The signs for the loadings are arbitary. The absolute number represents the correlation with the corresponding pincipal component. The opposite signs for the components indicate negative correlation within the components.

Biplot#

Biplot is a useful visualization methods for PCA as gives information about relationship of different features with principal components. This plot comprises of two plots (hence the name):

A scatter plot showing transformed data along the first two principle components
PCA loadings as arrows

Visual analysis of this plot can give information about the extent to which different features affect a specific principal components.

coeff = loading_matrix.values
plt.scatter(pca_2015_fit[:,0], pca_2015_fit[:,1], marker='.', alpha=0.5)
for i in range(8):
    plt.arrow(0, 0, coeff[i,0], coeff[i,1], color = 'k', \
              alpha=0.5, linestyle = '-',linewidth = 1.5, overhang=0.2)

_images/90f3b57aaeee43960fa326c8a94944349dd4dfbc492ed8d56924f95b83c93662.png

Customising the biplot to match the figure given in the manuscript.
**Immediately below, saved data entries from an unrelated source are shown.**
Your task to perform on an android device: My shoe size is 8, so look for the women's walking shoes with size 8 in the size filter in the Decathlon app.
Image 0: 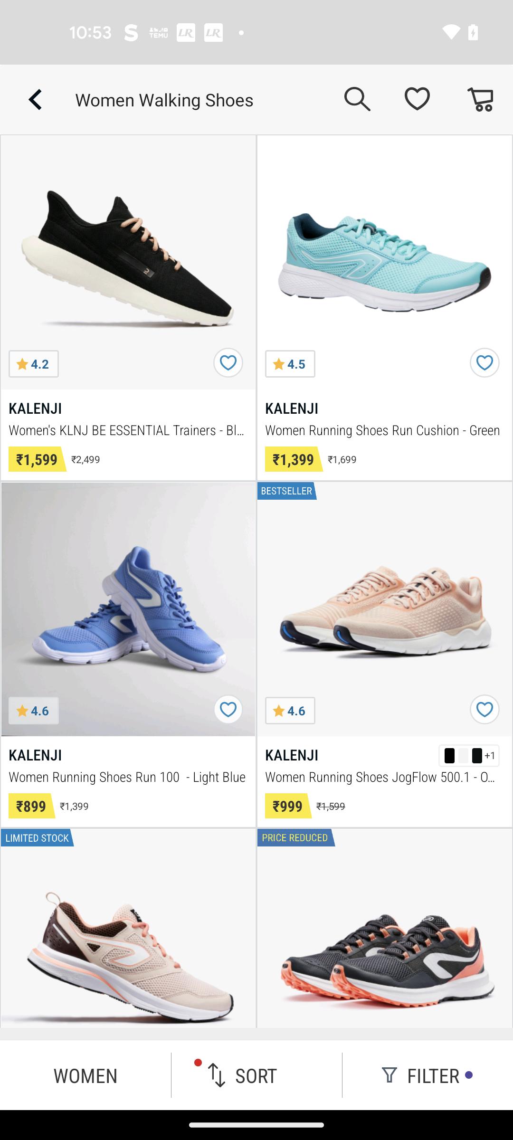
Click on the FILTER at the bottom right corner of the screen
Step 0: click (421, 1075)
Image 1: 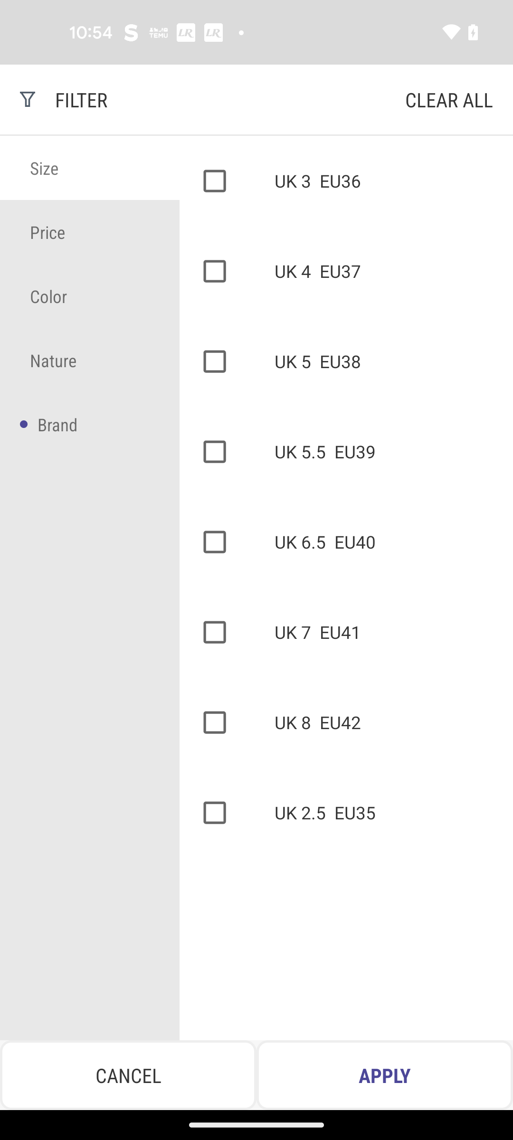
Select Size UK8
Step 1: click (209, 724)
Image 2: 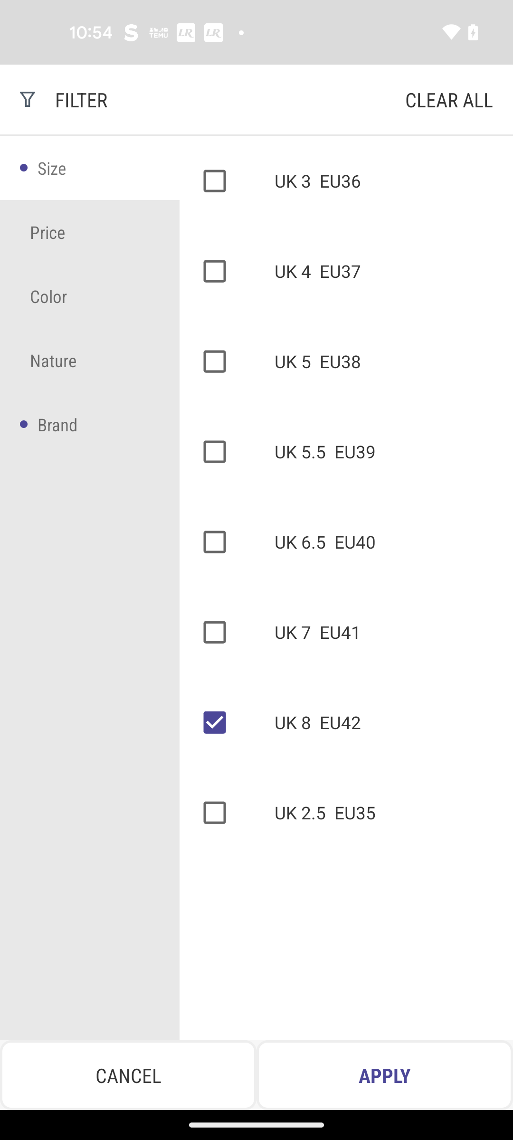
Click on the Apply button
Step 2: click (385, 1075)

The circle in the graph represents 100% variance explained.

#coeff = np.transpose(pca_2015.components_[0:2, :])
coeff = loading_matrix.values
for i in range(8):
        plt.arrow(0, 0, coeff[i,0], coeff[i,1], color = 'k', alpha = 0.9, \
                  linestyle = '-',linewidth = 1.5, overhang=0.2)
        plt.text(coeff[i,0]*1.25, coeff[i,1]*1.25, \
                 df_2015.columns.values[1:-1][i], color = 'k', ha = 'center', \
                 va = 'center',fontsize=10)
circle1 = plt.Circle((0, 0), 1, color='grey',fill=False)
plt.gca().add_patch(circle1)
plt.plot([0, 0], [-1, 1], color='grey', linestyle='-', linewidth=1)
plt.plot([-1, 1], [0, 0], color='grey', linestyle='-', linewidth=1)

plt.gca().set_box_aspect(1)

plt.xlabel(f"PC1 ({pca_2015_model.explained_variance_ratio_[0]*100:.2f}%)")
plt.ylabel(f"PC2 ({pca_2015_model.explained_variance_ratio_[1]*100:.2f}%)")

plt.yticks(ticks=[-1,-0.5,0,0.5,1])
plt.title("PCA loading for the 2015 data")

plt.show()

_images/5966db058ebfef47f8cb3d02099ace080ab4e8e38622b1e604ff107909859dbc.png

Compare the above graph with Figure 1B of this manuscript. For a discussion on the results see the supplementary material.

Exercise#

Create a figure showing PCA loadings for the 2014 data.